Making the changes between GEOS 3.9.1 and GEOS 3.10.0 a bit more visible (compared to the test output). Summary seems to be that most of them are precision issues in our tests, only the set_precision changes seems an actual change in GEOS (but maybe deliberate?)

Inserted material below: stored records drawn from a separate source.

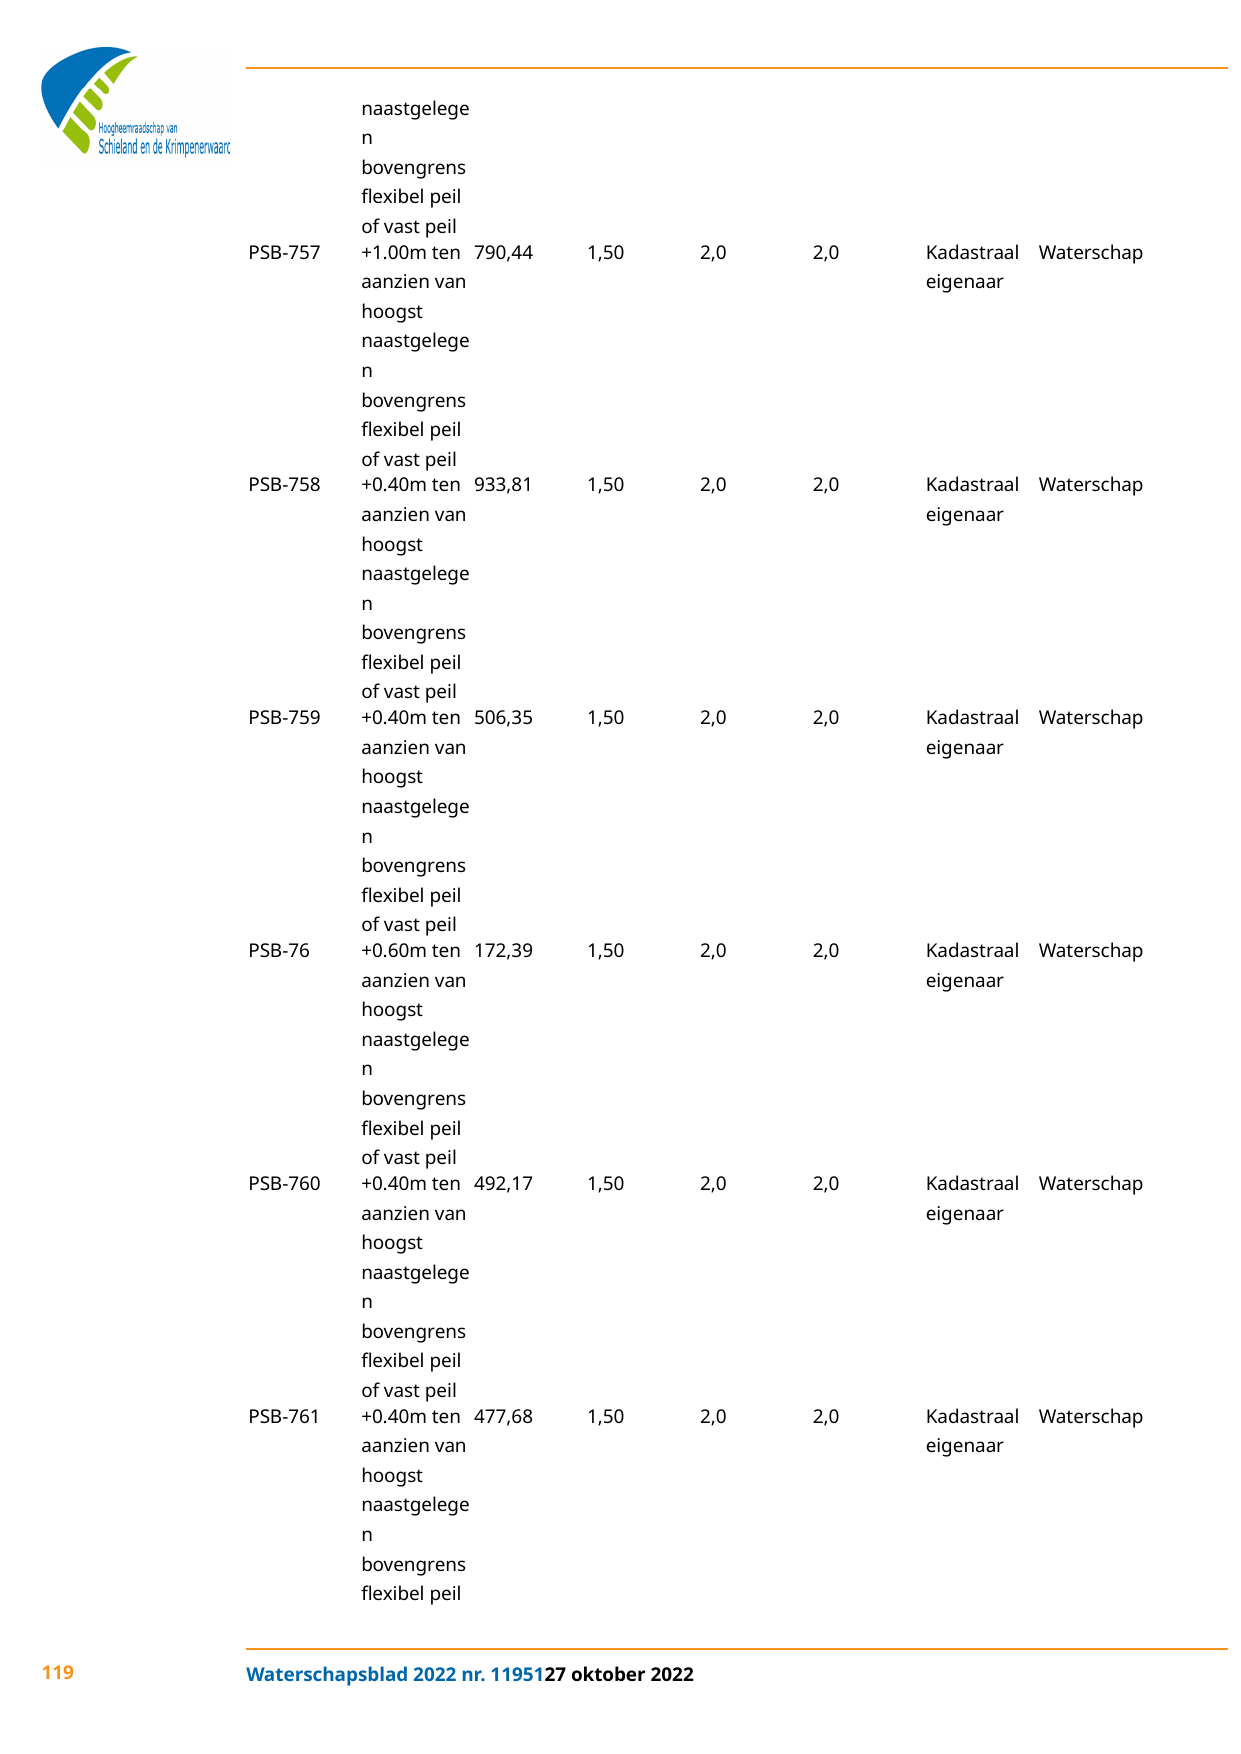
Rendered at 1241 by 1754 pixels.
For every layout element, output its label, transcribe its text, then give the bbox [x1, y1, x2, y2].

table_cell 933,81 [474, 472, 587, 704]
table_cell PSB-76 [248, 937, 361, 1170]
table_cell Waterschap [1039, 705, 1152, 937]
table_cell 2,0 [700, 1403, 813, 1606]
table_cell 2,0 [813, 1403, 926, 1606]
table_cell Waterschap [1039, 937, 1152, 1170]
table_cell Kadastraal eigenaar [926, 705, 1038, 937]
table_cell Waterschap [1039, 239, 1152, 472]
table_cell [474, 95, 587, 239]
table_cell 2,0 [813, 705, 926, 937]
picture [41, 47, 231, 172]
table_cell PSB-761 [248, 1403, 361, 1606]
table_cell +0.40m ten aanzien van hoogst naastgelegen bovengrens flexibel peil of vast peil [361, 1170, 474, 1403]
table_cell naastgelegen bovengrens flexibel peil of vast peil [361, 95, 474, 239]
table_cell [587, 95, 700, 239]
table_cell PSB-760 [248, 1170, 361, 1403]
table_cell PSB-757 [248, 239, 361, 472]
table_cell [813, 95, 926, 239]
table_cell Kadastraal eigenaar [926, 1403, 1038, 1606]
table_cell 790,44 [474, 239, 587, 472]
table_cell 1,50 [587, 1170, 700, 1403]
table_cell 2,0 [700, 937, 813, 1170]
table_cell 1,50 [587, 239, 700, 472]
table_cell Kadastraal eigenaar [926, 472, 1038, 704]
table_cell 506,35 [474, 705, 587, 937]
table_cell 1,50 [587, 937, 700, 1170]
table_cell 2,0 [700, 239, 813, 472]
table_cell [700, 95, 813, 239]
table_cell 2,0 [813, 937, 926, 1170]
table_cell 2,0 [813, 239, 926, 472]
table_cell +0.40m ten aanzien van hoogst naastgelegen bovengrens flexibel peil of vast peil [361, 472, 474, 704]
table_cell 477,68 [474, 1403, 587, 1606]
table_cell 2,0 [813, 1170, 926, 1403]
table_cell Kadastraal eigenaar [926, 937, 1038, 1170]
table_cell [1039, 95, 1152, 239]
table_cell 1,50 [587, 472, 700, 704]
table_cell 2,0 [813, 472, 926, 704]
table_cell 2,0 [700, 1170, 813, 1403]
table_cell 492,17 [474, 1170, 587, 1403]
table_cell PSB-759 [248, 705, 361, 937]
table_cell Waterschap [1039, 1403, 1152, 1606]
table_cell Waterschap [1039, 472, 1152, 704]
table_cell +0.40m ten aanzien van hoogst naastgelegen bovengrens flexibel peil of vast peil [361, 705, 474, 937]
table_cell 2,0 [700, 705, 813, 937]
table_cell PSB-758 [248, 472, 361, 704]
table_cell Kadastraal eigenaar [926, 239, 1038, 472]
table_cell [926, 95, 1038, 239]
table_cell [248, 95, 361, 239]
table_cell 2,0 [700, 472, 813, 704]
table_cell Waterschap [1039, 1170, 1152, 1403]
table_cell Kadastraal eigenaar [926, 1170, 1038, 1403]
table_cell +1.00m ten aanzien van hoogst naastgelegen bovengrens flexibel peil of vast peil [361, 239, 474, 472]
table_cell 172,39 [474, 937, 587, 1170]
table_cell 1,50 [587, 1403, 700, 1606]
table_cell +0.40m ten aanzien van hoogst naastgelegen bovengrens flexibel peil [361, 1403, 474, 1606]
table_cell 1,50 [587, 705, 700, 937]
table_cell +0.60m ten aanzien van hoogst naastgelegen bovengrens flexibel peil of vast peil [361, 937, 474, 1170]
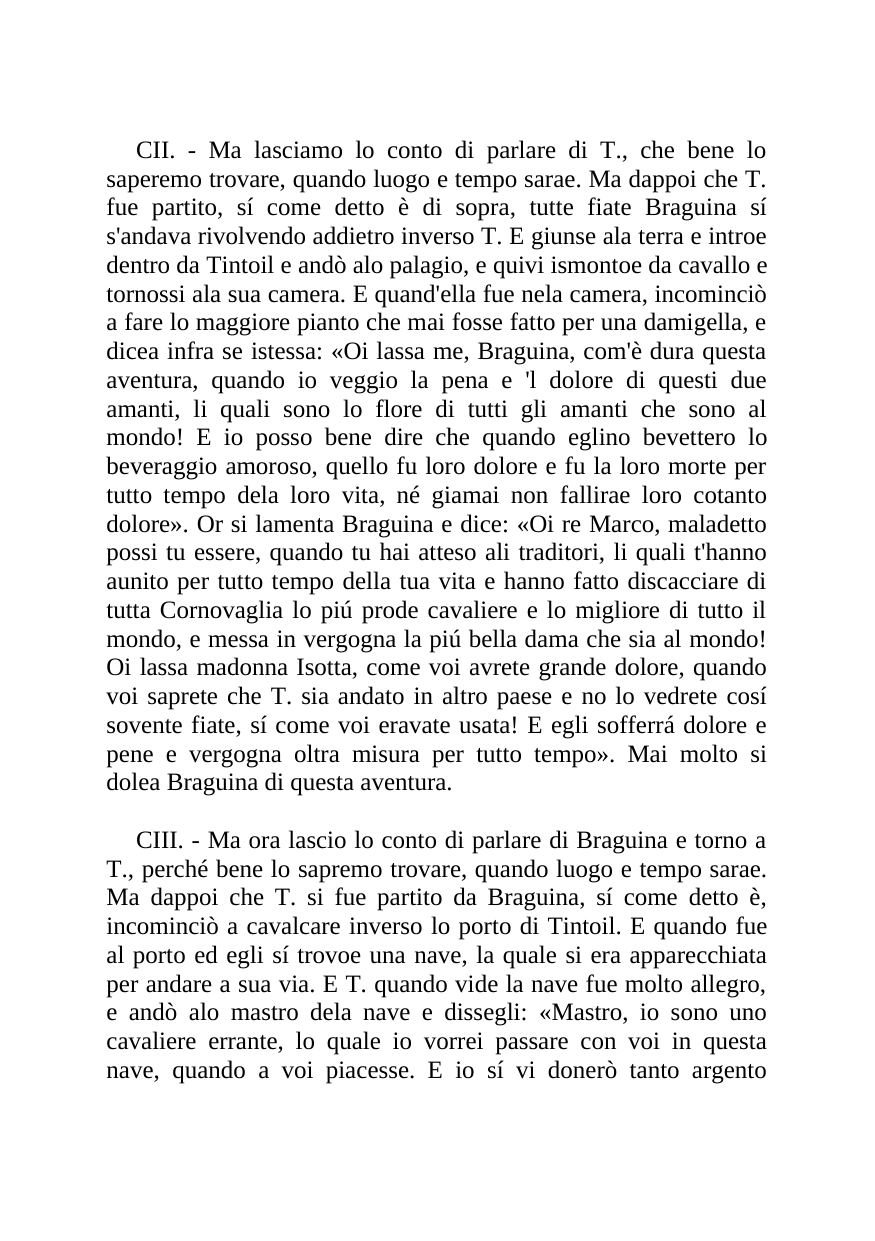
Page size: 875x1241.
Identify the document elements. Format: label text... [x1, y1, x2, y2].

text CIII. - Ma ora lascio lo conto di parlare di Braguina e torno a T., perché bene lo sapremo trovare, quando luogo e tempo sarae. Ma dappoi che T. si fue partito da Braguina, sí come detto è, incominciò a cavalcare inverso lo porto di Tintoil. E quando fue al porto ed egli sí trovoe una nave, la quale si era apparecchiata per andare a sua via. E T. quando vide la nave fue molto allegro, e andò alo mastro dela nave e dissegli: «Mastro, io sono uno cavaliere errante, lo quale io vorrei passare con voi in questa nave, quando a voi piacesse. E io sí vi donerò tanto argento [106, 825, 768, 1084]
text CII. - Ma lasciamo lo conto di parlare di T., che bene lo saperemo trovare, quando luogo e tempo sarae. Ma dappoi che T. fue partito, sí come detto è di sopra, tutte fiate Braguina sí s'andava rivolvendo addietro inverso T. E giunse ala terra e introe dentro da Tintoil e andò alo palagio, e quivi ismontoe da cavallo e tornossi ala sua camera. E quand'ella fue nela camera, incominciò a fare lo maggiore pianto che mai fosse fatto per una damigella, e dicea infra se istessa: «Oi lassa me, Braguina, com'è dura questa aventura, quando io veggio la pena e 'l dolore di questi due amanti, li quali sono lo flore di tutti gli amanti che sono al mondo! E io posso bene dire che quando eglino bevettero lo beveraggio amoroso, quello fu loro dolore e fu la loro morte per tutto tempo dela loro vita, né giamai non fallirae loro cotanto dolore». Or si lamenta Braguina e dice: «Oi re Marco, maladetto possi tu essere, quando tu hai atteso ali traditori, li quali t'hanno aunito per tutto tempo della tua vita e hanno fatto discacciare di tutta Cornovaglia lo piú prode cavaliere e lo migliore di tutto il mondo, e messa in vergogna la piú bella dama che sia al mondo! Oi lassa madonna Isotta, come voi avrete grande dolore, quando voi saprete che T. sia andato in altro paese e no lo vedrete cosí sovente fiate, sí come voi eravate usata! E egli sofferrá dolore e pene e vergogna oltra misura per tutto tempo». Mai molto si dolea Braguina di questa aventura. [106, 135, 768, 796]
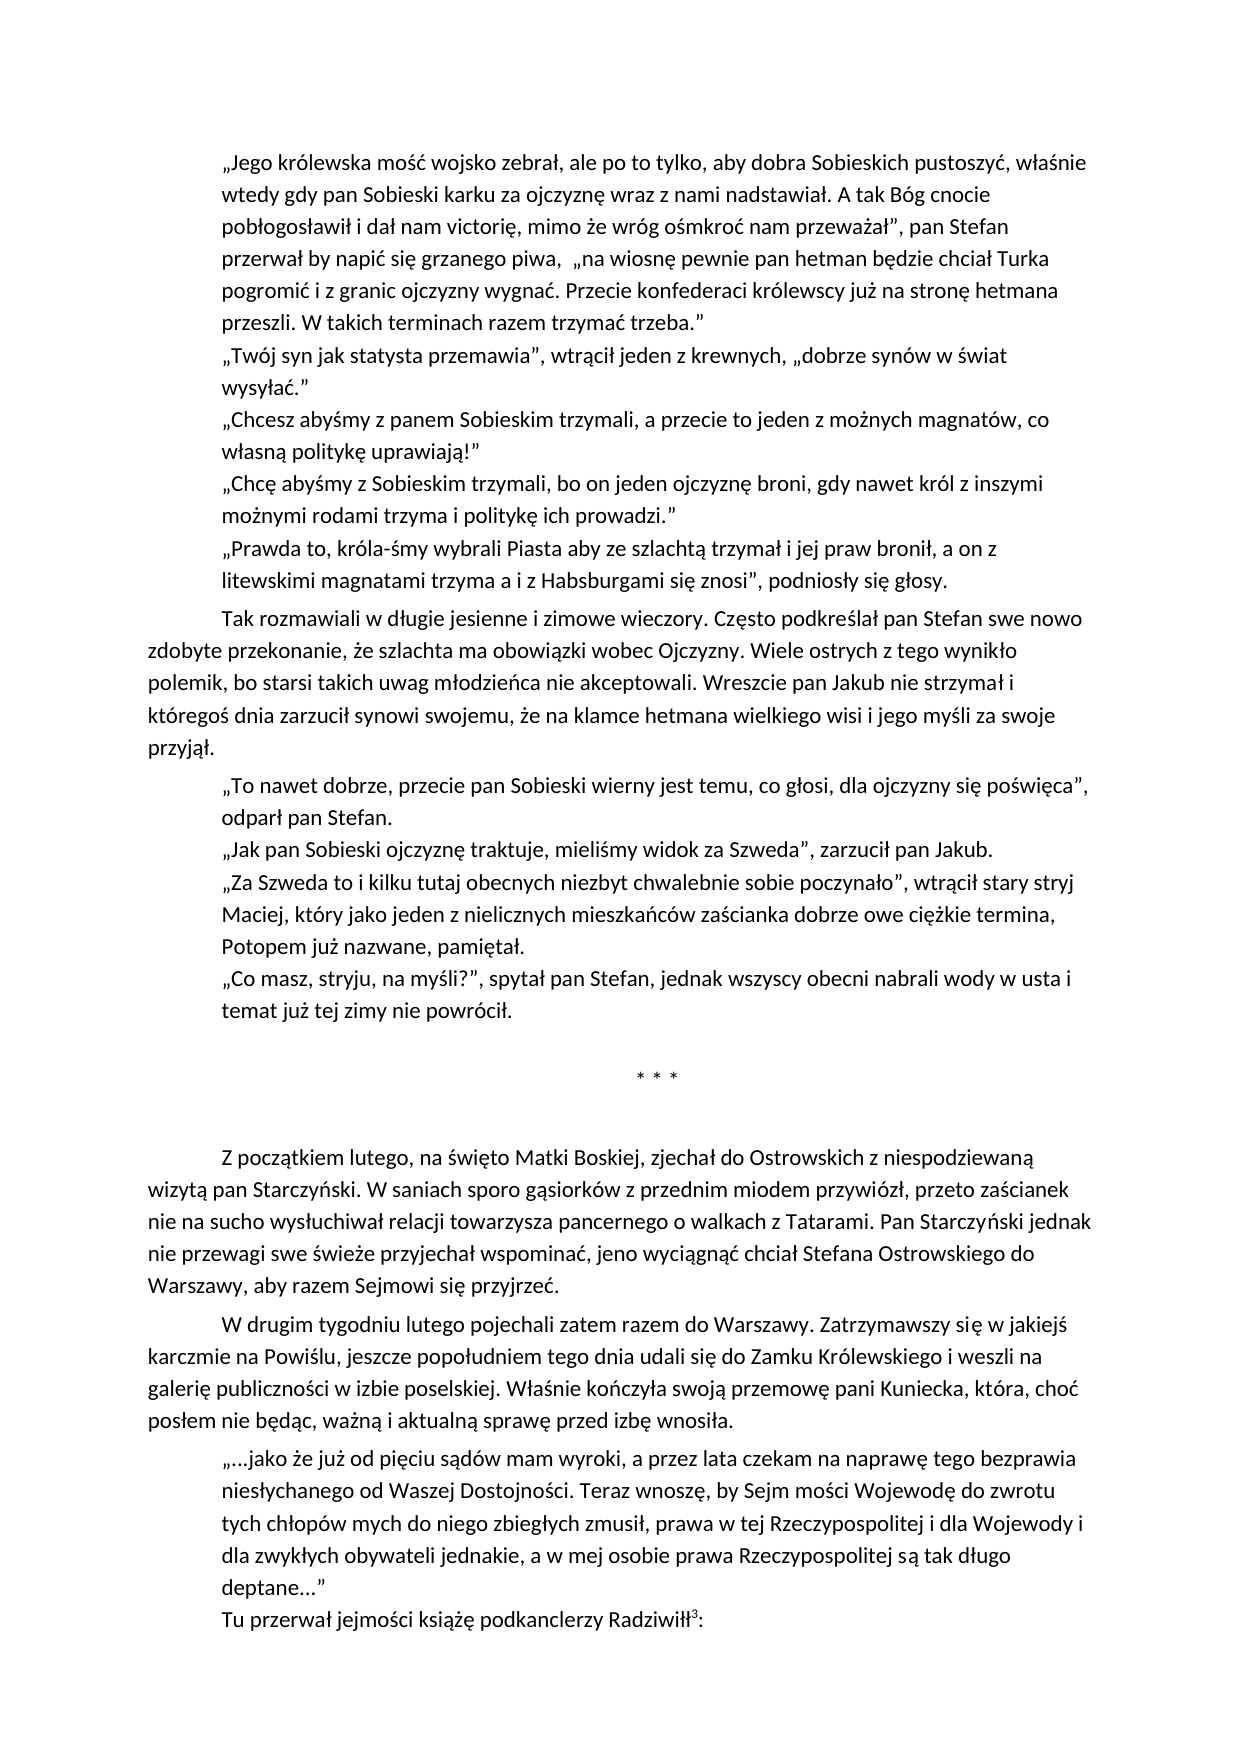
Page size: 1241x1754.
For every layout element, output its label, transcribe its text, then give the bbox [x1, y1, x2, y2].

text „Chcesz abyśmy z panem Sobieskim trzymali, a przecie to jeden z możnych magnatów, co własną politykę uprawiają!” [221, 405, 1093, 465]
text „Za Szweda to i kilku tutaj obecnych niezbyt chwalebnie sobie poczynało”, wtrącił stary stryj Maciej, który jako jeden z nielicznych mieszkańców zaścianka dobrze owe ciężkie termina, Potopem już nazwane, pamiętał. [221, 868, 1093, 960]
text Tu przerwał jejmości książę podkanclerzy Radziwiłł: [221, 1605, 1093, 1633]
text W drugim tygodniu lutego pojechali zatem razem do Warszawy. Zatrzymawszy się w jakiejś karczmie na Powiślu, jeszcze popołudniem tego dnia udali się do Zamku Królewskiego i weszli na galerię publiczności w izbie poselskiej. Właśnie kończyła swoją przemowę pani Kuniecka, która, choć posłem nie będąc, ważną i aktualną sprawę przed izbę wnosiła. [148, 1310, 1093, 1434]
text „To nawet dobrze, przecie pan Sobieski wierny jest temu, co głosi, dla ojczyzny się poświęca”, odparł pan Stefan. [221, 771, 1093, 831]
text „Jego królewska mość wojsko zebrał, ale po to tylko, aby dobra Sobieskich pustoszyć, właśnie wtedy gdy pan Sobieski karku za ojczyznę wraz z nami nadstawiał. A tak Bóg cnocie pobłogosławił i dał nam victorię, mimo że wróg ośmkroć nam przeważał”, pan Stefan przerwał by napić się grzanego piwa, „na wiosnę pewnie pan hetman będzie chciał Turka pogromić i z granic ojczyzny wygnać. Przecie konfederaci królewscy już na stronę hetmana przeszli. W takich terminach razem trzymać trzeba.” [221, 148, 1093, 337]
text „Jak pan Sobieski ojczyznę traktuje, mieliśmy widok za Szweda”, zarzucił pan Jakub. [221, 835, 1093, 863]
text „...jako że już od pięciu sądów mam wyroki, a przez lata czekam na naprawę tego bezprawia niesłychanego od Waszej Dostojności. Teraz wnoszę, by Sejm mości Wojewodę do zwrotu tych chłopów mych do niego zbiegłych zmusił, prawa w tej Rzeczypospolitej i dla Wojewody i dla zwykłych obywateli jednakie, a w mej osobie prawa Rzeczypospolitej są tak długo deptane...” [221, 1444, 1093, 1601]
text „Prawda to, króla-śmy wybrali Piasta aby ze szlachtą trzymał i jej praw bronił, a on z litewskimi magnatami trzyma a i z Habsburgami się znosi”, podniosły się głosy. [221, 534, 1093, 594]
text Z początkiem lutego, na święto Matki Boskiej, zjechał do Ostrowskich z niespodziewaną wizytą pan Starczyński. W saniach sporo gąsiorków z przednim miodem przywiózł, przeto zaścianek nie na sucho wysłuchiwał relacji towarzysza pancernego o walkach z Tatarami. Pan Starczyński jednak nie przewagi swe świeże przyjechał wspominać, jeno wyciągnąć chciał Stefana Ostrowskiego do Warszawy, aby razem Sejmowi się przyjrzeć. [148, 1143, 1093, 1300]
text „Twój syn jak statysta przemawia”, wtrącił jeden z krewnych, „dobrze synów w świat wysyłać.” [221, 341, 1093, 401]
text „Chcę abyśmy z Sobieskim trzymali, bo on jeden ojczyznę broni, gdy nawet król z inszymi możnymi rodami trzyma i politykę ich prowadzi.” [221, 469, 1093, 530]
text Tak rozmawiali w długie jesienne i zimowe wieczory. Często podkreślał pan Stefan swe nowo zdobyte przekonanie, że szlachta ma obowiązki wobec Ojczyzny. Wiele ostrych z tego wynikło polemik, bo starsi takich uwag młodzieńca nie akceptowali. Wreszcie pan Jakub nie strzymał i któregoś dnia zarzucił synowi swojemu, że na klamce hetmana wielkiego wisi i jego myśli za swoje przyjął. [148, 604, 1093, 761]
text * * * [148, 1067, 1093, 1095]
text „Co masz, stryju, na myśli?”, spytał pan Stefan, jednak wszyscy obecni nabrali wody w usta i temat już tej zimy nie powrócił. [221, 964, 1093, 1024]

GEOSGeom_setPrecision behaviour when "collapsing" geometries:

>>> pygeos.set_precision(pygeos.Geometry("LINESTRING (0 0, 0.1 0.1)"), grid_size=1)
<pygeos.Geometry LINESTRING EMPTY>       # <-- with GEOS 3.9.1
<pygeos.Geometry LINESTRING (0 0, 0 0)>  # <-- with GEOS 3.10.0

>>> pygeos.set_precision(pygeos.Geometry("POLYGON ((0 0, 0.1 0, 0.1 0.1, 0 0.1, 0 0))"), grid_size=1)
<pygeos.Geometry POLYGON EMPTY>                        # <-- with GEOS 3.9.1 
<pygeos.Geometry POLYGON ((0 0, 0 0, 0 0, 0 0, 0 0))>  # <-- with GEOS 3.10.0

I don't really know if one or the other is preferred, but one consequence of the new result is that those returned geometries are no longer "valid" geometries.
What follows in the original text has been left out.